## [INSTRUCTIONS FOR THE TASK]
Give the number of lines in the data that contain the word "additional"; no other text is needed.

*** Opening DATA FOR THIS EXERCISE ***

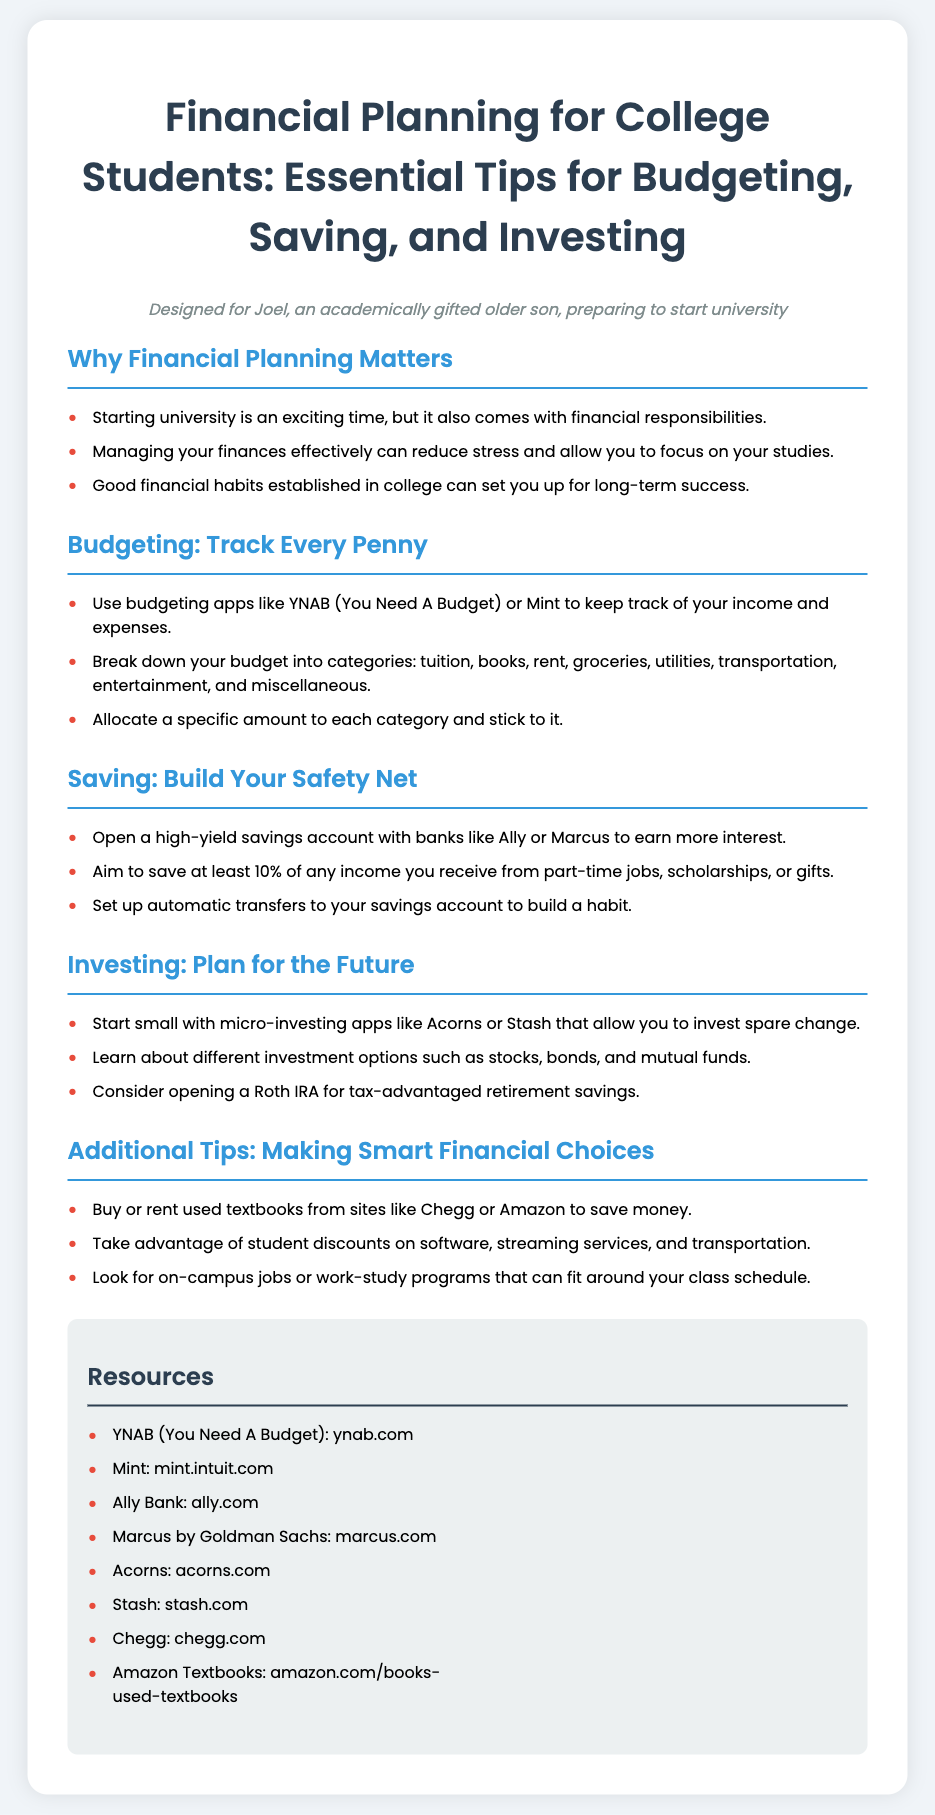What is the title of the poster? The title of the poster is located at the top of the document.
Answer: Financial Planning for College Students: Essential Tips for Budgeting, Saving, and Investing What is a recommended budgeting app mentioned? The document lists budgeting apps in the budgeting section.
Answer: YNAB (You Need A Budget) What percentage should you aim to save from your income? The saving section specifies the target savings percentage.
Answer: 10% Which investment account is suggested for tax-advantaged savings? The investing section mentions a specific type of account for retirement savings.
Answer: Roth IRA What is one source for buying used textbooks? The additional tips section provides a specific source for textbooks.
Answer: Chegg How many sections are there in the poster? Count the section headings to determine the total number.
Answer: Five What background color is used for the resources section? The document describes the color used in the resources section.
Answer: Light gray (ecf0f1) What activity can help you make smart financial choices related to employment? The additional tips section mentions a type of job option for students.
Answer: On-campus jobs

*** Closing DATA FOR THIS EXERCISE ***

## [ANSWER TO THIS PROBLEM]
2